How did I miss the news that Rod Dreher, my only competitor for primacy among Russian Orthodox/paleocon/pro-“Russian World” super-intellectuals, was dumped by his wife and is getting divorced?
I’ve been so immersed in the news coming out of Eastern Europe—the Russian military is making thrilling progress in its anti-Nazi war, and if, as I think it will, the Kremlin “goes nuclear,” my original hopes for a decimation of the Ukrainian population will prove to have been, if anything, too pessimistic—that I’ve ignored the magnificent developments on the Dreher front.
The big question now is how Dreher will respond to this latest in the disasters and humiliations that God metes out to him. In the past, Dreher seems to have responded to the searing traumas that he collects like my Aunt Harris collected Hummel figurines, or I collect Edwardian smut, by changing religions. The trouble is that he’s running out of religions.
True, there are any number of Protestant denominations out here in the American heartland who would have the Rodster, but peckerwood Protestantism is where he started, and I doubt his amour propre would let him go back to it. Dreher, I’ll bet, sees himself as having risen up in the world. A sensualist and a Francophile, he’s probably too much of a “bells and smells” type to worship in a low-church shack in the pine flats, like his southern ancestors did.
Catholicism, meanwhile, is out. Dreher tried that, but the Catholic church (Sow of Rome most vicious and many-nippled) failed him when it emerged that its priests were too often rapists, and he descended into a spiritual crisis/nervous breakdown his discussions of which on his blog over the years still make diverting reading.
His post-Catholic crisis led him to my own beloved Russian Orthodox Church, the world’s most exquisite and moral religious body, and he’s seemed happy with us, if the word “happy” makes sense in the context of Dreher.
If, in this latest of his breakdowns, he leaves Orthodoxy, I think submission to Allah will stand as the only viable choice for him. Somehow a Muslim Dreher makes sense after all these years. I can see him mooning around the Deep South sprawl in full Islamic regalia, his wounded-deer-in-the-headlights eyes blinking out from under his skullcap, his robes swishing above his Teva sandals as he stands in line for his order at the Arby’s in Baton Rouge.
The other option for Dreher, Mother insists, is transsexuality.
“He’s gonna transition hard—hard like a mastadon’s pole,” she croaked last night, sucking on a pin-joint for her glaucoma, clutching the roach-clip in fingers still grimy from the day’s potato planting. “You watch, Johnny.

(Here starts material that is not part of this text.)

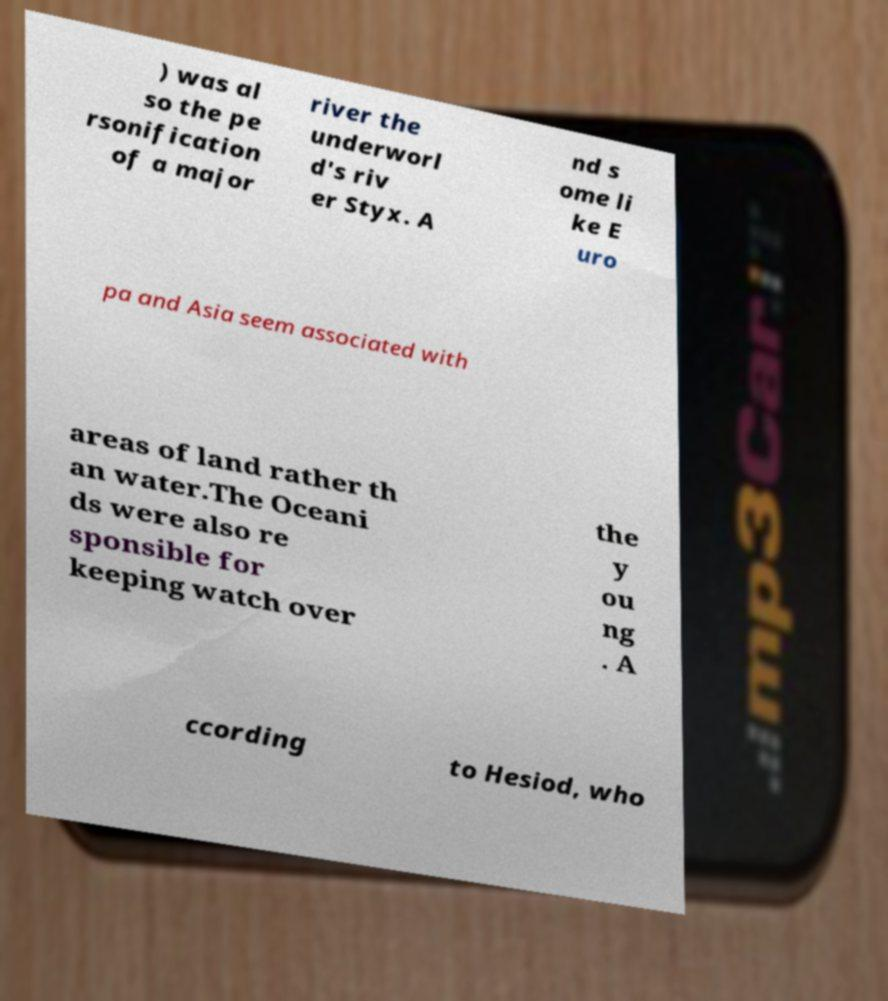For documentation purposes, I need the text within this image transcribed. Could you provide that? ) was al so the pe rsonification of a major river the underworl d's riv er Styx. A nd s ome li ke E uro pa and Asia seem associated with areas of land rather th an water.The Oceani ds were also re sponsible for keeping watch over the y ou ng . A ccording to Hesiod, who

By 2027 he’ll be the first bearded woman to give birth to triplets in Louisiana, the great state of gumbo, jambalaya, D-rated hydraulic levee systems, and Lil Wayne.”
My own marriage, meanwhile, remains quite robust in this, its fifth decade, a fact that I ascribe to Mother’s and my frequent bouts of healthy copulation. I keep my sandals on for maximum floor-grip as I heave away like a Scythian, my icon of Saint Evgeniya Ivanovna, the Leper of Nizhny Novgorod, patroness saint of distended foreskins, gazing down on me from her vantage point above our connubial bed.